=== ACTIVITY ===
Your reply should consist solely of the lines from the start of the material below through the line containing "hfov=60.0deg. Target item: the", reproduced exactly.

== == ==

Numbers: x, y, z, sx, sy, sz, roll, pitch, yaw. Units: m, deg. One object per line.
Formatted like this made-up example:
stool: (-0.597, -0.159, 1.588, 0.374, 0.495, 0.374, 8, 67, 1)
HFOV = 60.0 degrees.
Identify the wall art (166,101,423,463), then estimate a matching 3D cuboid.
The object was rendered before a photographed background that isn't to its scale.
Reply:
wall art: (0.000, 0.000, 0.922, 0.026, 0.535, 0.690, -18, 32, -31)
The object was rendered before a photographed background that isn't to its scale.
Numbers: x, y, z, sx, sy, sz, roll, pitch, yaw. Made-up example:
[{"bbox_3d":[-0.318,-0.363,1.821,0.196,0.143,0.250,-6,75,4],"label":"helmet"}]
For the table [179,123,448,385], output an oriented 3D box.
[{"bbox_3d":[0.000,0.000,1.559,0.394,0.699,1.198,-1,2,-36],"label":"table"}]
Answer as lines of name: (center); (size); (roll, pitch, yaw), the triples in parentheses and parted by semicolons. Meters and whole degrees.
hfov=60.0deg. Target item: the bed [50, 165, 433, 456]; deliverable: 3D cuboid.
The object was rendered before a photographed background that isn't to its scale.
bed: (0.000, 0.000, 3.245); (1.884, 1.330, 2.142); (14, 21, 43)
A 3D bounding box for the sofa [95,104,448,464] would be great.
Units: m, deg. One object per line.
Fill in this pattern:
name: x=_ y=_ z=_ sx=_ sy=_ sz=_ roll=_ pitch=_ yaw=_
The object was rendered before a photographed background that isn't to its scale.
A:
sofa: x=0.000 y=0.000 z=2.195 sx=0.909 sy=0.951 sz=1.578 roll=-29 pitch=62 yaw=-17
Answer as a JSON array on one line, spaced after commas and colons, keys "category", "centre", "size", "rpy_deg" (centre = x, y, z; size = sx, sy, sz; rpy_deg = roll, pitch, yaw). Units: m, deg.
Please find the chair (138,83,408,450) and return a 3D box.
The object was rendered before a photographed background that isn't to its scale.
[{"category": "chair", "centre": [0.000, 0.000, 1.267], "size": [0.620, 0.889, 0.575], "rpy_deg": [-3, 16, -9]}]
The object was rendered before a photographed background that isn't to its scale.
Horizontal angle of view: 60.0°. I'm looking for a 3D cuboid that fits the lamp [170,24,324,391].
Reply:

== == ==

=== REPLY ===
Numbers: x, y, z, sx, sy, sz, roll, pitch, yaw. Units: m, deg. One object per line.
Formatted like this made-up example:
stool: (-0.597, -0.159, 1.588, 0.374, 0.495, 0.374, 8, 67, 1)
HFOV = 60.0 degrees.
Identify the wall art (166,101,423,463), then estimate a matching 3D cuboid.
The object was rendered before a photographed background that isn't to its scale.
Reply:
wall art: (0.000, 0.000, 0.922, 0.026, 0.535, 0.690, -18, 32, -31)
The object was rendered before a photographed background that isn't to its scale.
Numbers: x, y, z, sx, sy, sz, roll, pitch, yaw. Made-up example:
[{"bbox_3d":[-0.318,-0.363,1.821,0.196,0.143,0.250,-6,75,4],"label":"helmet"}]
For the table [179,123,448,385], output an oriented 3D box.
[{"bbox_3d":[0.000,0.000,1.559,0.394,0.699,1.198,-1,2,-36],"label":"table"}]
Answer as lines of name: (center); (size); (roll, pitch, yaw), the triples in parentheses and parted by semicolons. Meters and whole degrees.
hfov=60.0deg. Target item: the bed [50, 165, 433, 456]; deliverable: 3D cuboid.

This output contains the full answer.